O que parece bastante claro é que a Alphabet, agora totalmente sob o reinado de Sundar Pichai, está tentando se opor a uma cultura corporativa que rapidamente se tornou uma das mais populares entre os gigantes da tecnologia, e fazendo isso da maneira que o NLRB considera ilegal. Dado o apetite pelo ativismo em massa e pelas capacidades dos engenheiros do Google, que podem se irritar com a mão pesada da administração e com o desprezo por seus colegas, um pop-up educado pode em breve ser a menor das preocupações da empresa.
Além de uma declaração curta, o Google enviou vários pontos que contradiziam as alegações de Spiers, mas se recusou a enviar essas informações como uma citação atribuível à própria empresa ou a enviar cópias das políticas referenciadas. Por isso, recusamos incluir essas afirmações em nosso post.

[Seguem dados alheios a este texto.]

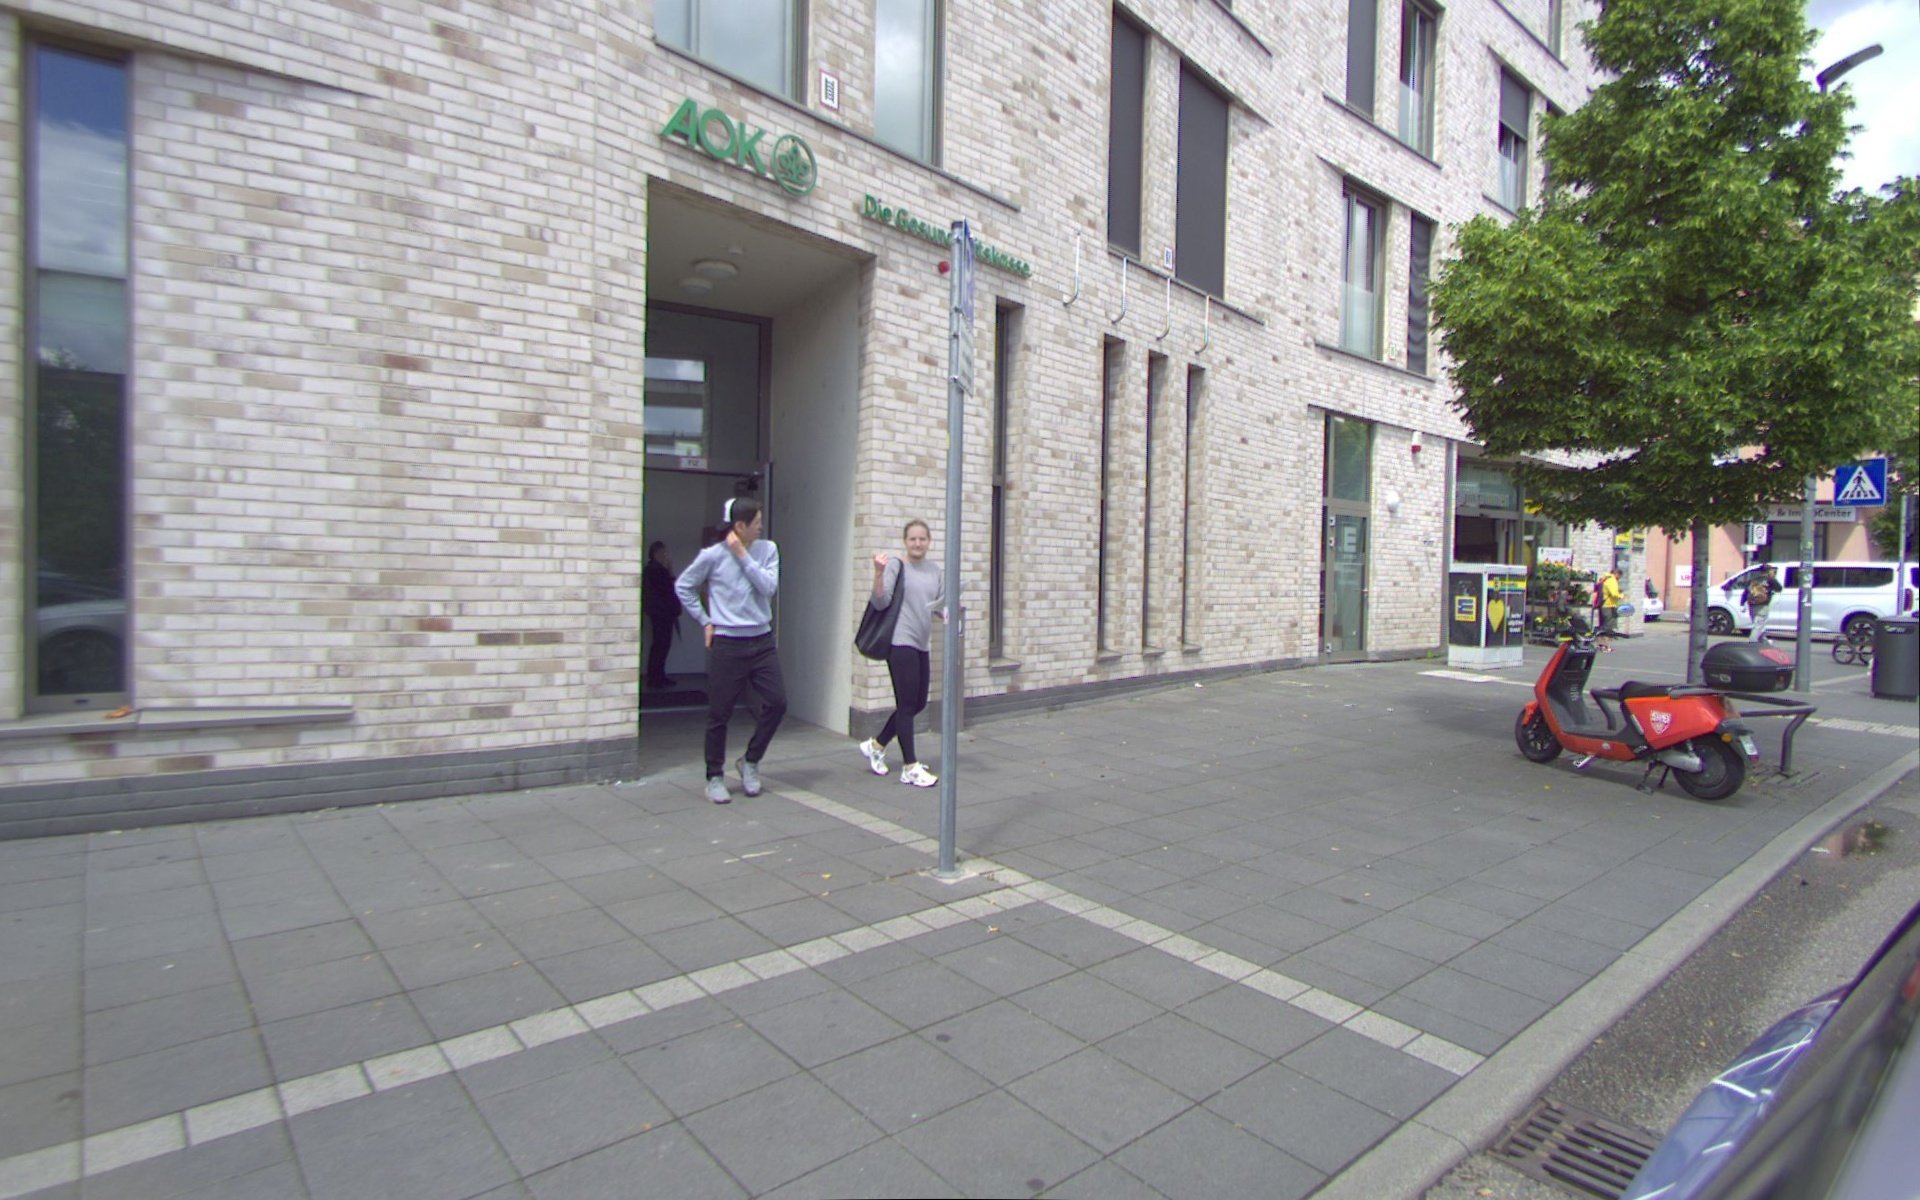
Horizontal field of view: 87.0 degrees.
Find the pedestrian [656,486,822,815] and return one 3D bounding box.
[{"bbox_3d":[-1.285,0.253,5.917,0.729,1.788,0.619,2,3,23],"label":"pedestrian"}]

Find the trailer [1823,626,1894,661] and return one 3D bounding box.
[{"bbox_3d":[15.760,0.757,17.751,0.795,0.535,0.723,-1,2,-31],"label":"trailer"}]

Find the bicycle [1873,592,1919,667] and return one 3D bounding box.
[{"bbox_3d":[15.695,0.497,15.916,0.742,1.145,1.830,-1,3,-34],"label":"bicycle"}]

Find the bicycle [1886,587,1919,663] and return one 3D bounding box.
[{"bbox_3d":[16.353,0.443,16.405,0.742,1.215,1.830,-1,3,-34],"label":"bicycle"}]

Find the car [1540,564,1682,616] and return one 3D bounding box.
[{"bbox_3d":[20.819,-0.362,32.499,1.684,1.495,3.398,0,3,-29],"label":"car"}]

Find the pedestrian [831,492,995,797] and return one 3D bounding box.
[{"bbox_3d":[-0.293,0.238,6.429,0.730,1.788,0.748,2,3,35],"label":"pedestrian"}]

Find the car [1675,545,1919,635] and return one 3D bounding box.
[{"bbox_3d":[21.573,-0.250,25.592,1.959,2.039,5.401,-1,0,-28],"label":"car"}]

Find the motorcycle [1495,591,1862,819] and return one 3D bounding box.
[{"bbox_3d":[5.013,0.635,7.281,0.659,1.281,2.062,0,4,-23],"label":"motorcycle"}]

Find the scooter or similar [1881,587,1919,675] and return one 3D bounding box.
[{"bbox_3d":[14.255,0.467,14.674,0.484,1.265,1.201,-1,3,-34],"label":"scooter or similar"}]

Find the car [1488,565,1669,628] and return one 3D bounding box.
[{"bbox_3d":[17.184,-0.159,28.294,1.749,1.495,3.909,0,4,-35],"label":"car"}]

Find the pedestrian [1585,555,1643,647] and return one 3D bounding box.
[{"bbox_3d":[12.532,0.010,19.397,0.619,1.713,0.660,1,2,0],"label":"pedestrian"}]

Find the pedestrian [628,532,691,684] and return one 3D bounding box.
[{"bbox_3d":[-3.415,0.080,11.489,0.520,1.668,0.564,-2,1,-31],"label":"pedestrian"}]

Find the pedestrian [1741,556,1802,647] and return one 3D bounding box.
[{"bbox_3d":[16.154,0.019,20.152,0.999,1.763,0.660,0,2,-36],"label":"pedestrian"}]
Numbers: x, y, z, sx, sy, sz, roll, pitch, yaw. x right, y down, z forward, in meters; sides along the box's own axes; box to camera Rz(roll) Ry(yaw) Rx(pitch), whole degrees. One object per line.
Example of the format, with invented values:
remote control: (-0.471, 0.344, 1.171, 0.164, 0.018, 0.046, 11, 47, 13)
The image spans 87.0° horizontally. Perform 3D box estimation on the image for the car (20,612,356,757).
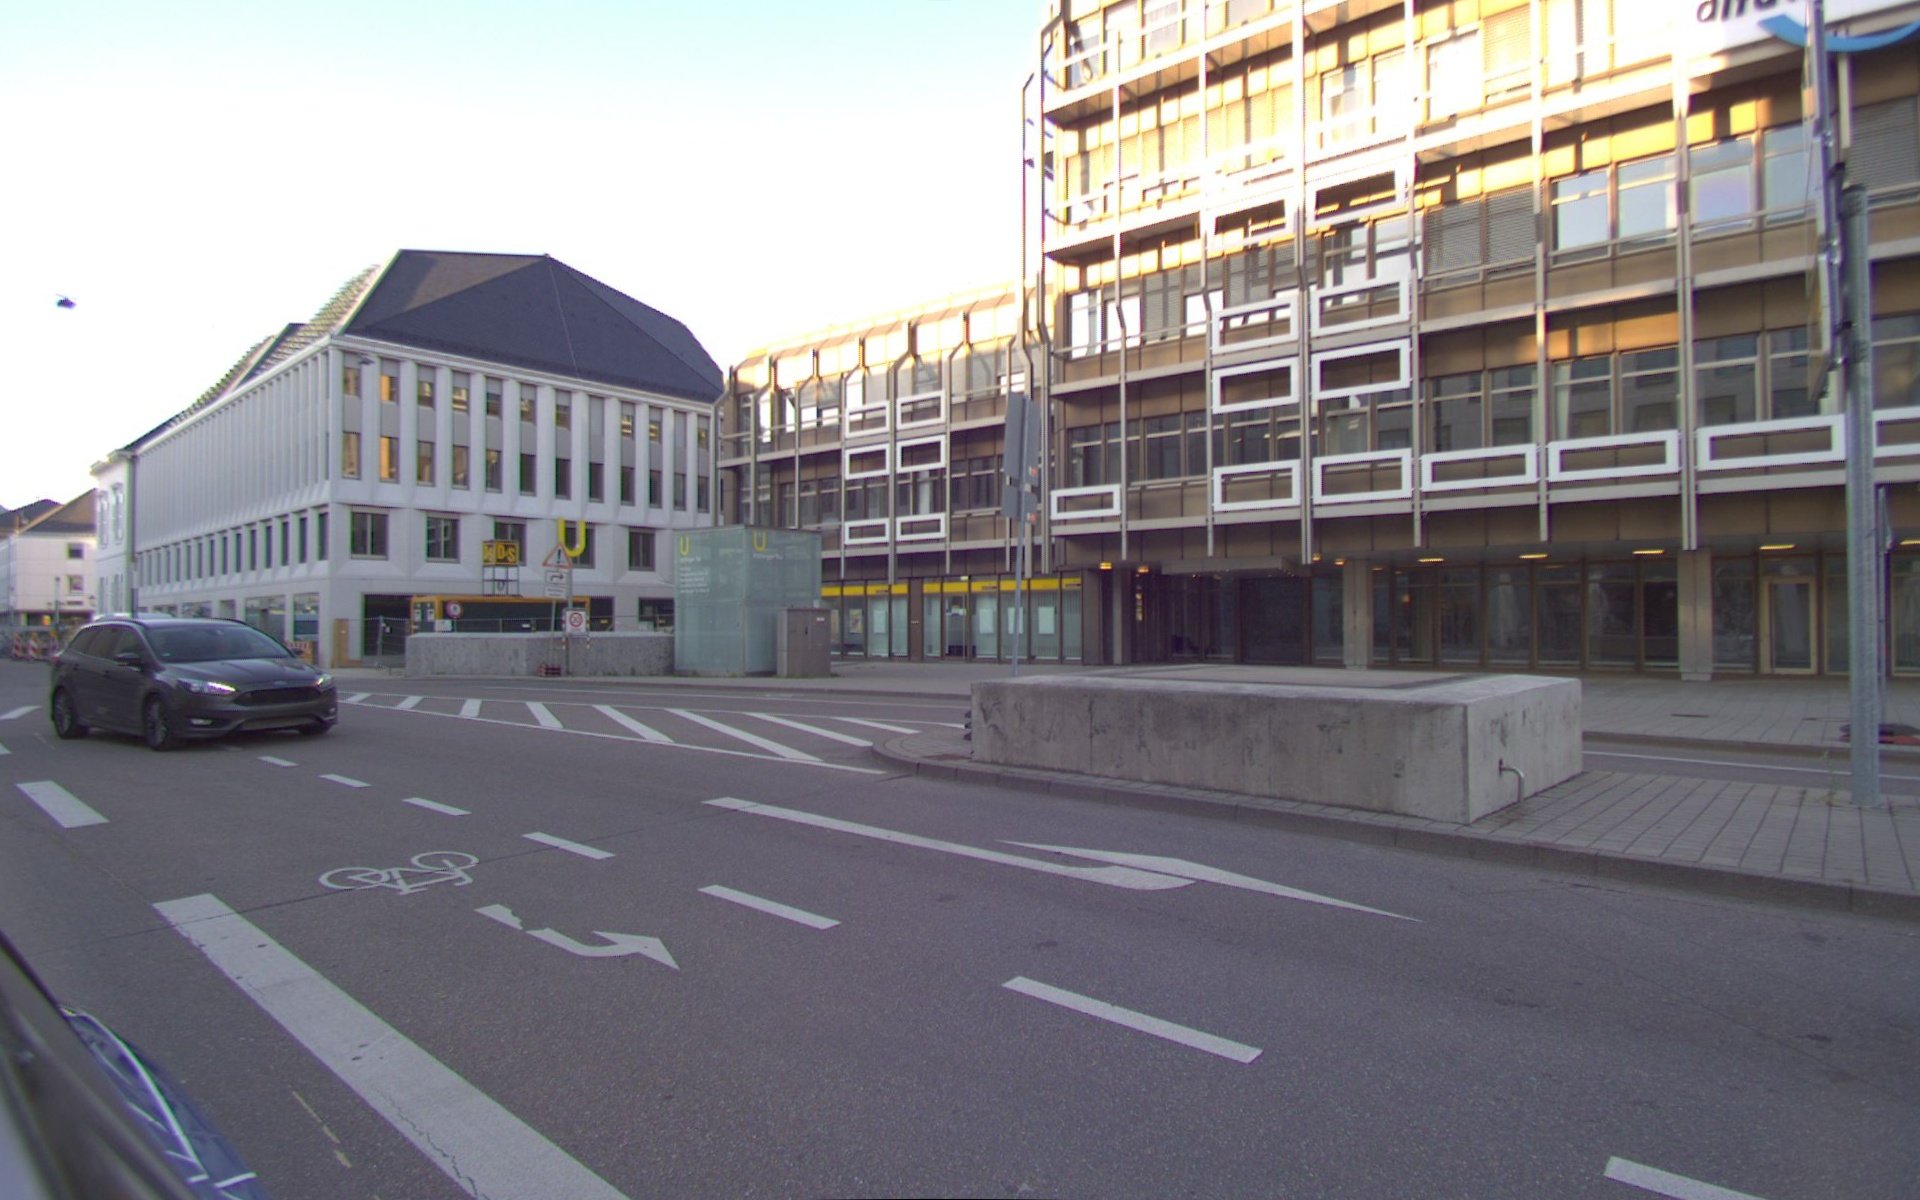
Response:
car: (-9.496, 0.947, 12.374, 4.363, 1.473, 1.745, -2, -1, 30)

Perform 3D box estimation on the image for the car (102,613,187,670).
car: (-38.840, 1.958, 48.161, 6.047, 2.575, 2.114, -2, -3, 41)

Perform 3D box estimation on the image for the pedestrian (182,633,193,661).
pedestrian: (-37.588, 2.294, 49.243, 0.338, 1.326, 0.346, -2, -3, 41)

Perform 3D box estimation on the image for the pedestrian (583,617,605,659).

Uma hora depois, o mesmo porta-voz fez algo altamente irregular ao encaminhar um e-mail, afirmando: “Como continuação da história que você publicou esta manhã, você pode citar o texto a seguir ‘de acordo com uma cópia de um e-mail enviado por Royal Hansen, Vice-presidente de infraestrutura e segurança técnica, e fornecido por um porta-voz do Google’”.
A data e a hora do e-mail (7:45 da manhã PST de terça-feira) indicam que ele foi enviado após a publicação da nossa história, e o conteúdo desse suposto e-mail – não está claro para quem foi enviado ou por quê – reflete os pontos enviados pela assessoria de imprensa do Google nos EUA.
Spiers contesta as alegações de Hansen que o próprio Google aparentemente não estava disposto a apoiar. O e-mail foi copiado abaixo:
Olá a todos,
Kathryn era engenheira de segurança da minha organização e era seu trabalho ajudar a proteger as plataformas e a infraestrutura usada pelos Googlers.
Aqui, ela usou mal uma ferramenta de segurança e privacidade para criar um pop-up que não tratava de segurança nem privacidade. Ela fez isso sem a autorização de sua equipe ou da equipe do Notificador de Política de Privacidade e Segurança e sem uma justificativa comercial. E ela usou um push rápido de emergência para fazer isso.
Quero ser bem claro: o problema não era que as mensagens tinham a ver com o aviso do NLRB ou com os direitos dos trabalhadores. A decisão teria sido a mesma se a mensagem pop-up fosse sobre qualquer outro assunto.
Como vocês sabem, confiamos em nossos funcionários para exercer adequadamente seu acesso privilegiado às nossas ferramentas e sistemas internos. A decisão de abusar do acesso que ela tinha como engenheira de segurança foi uma violação inaceitável de uma responsabilidade confiável.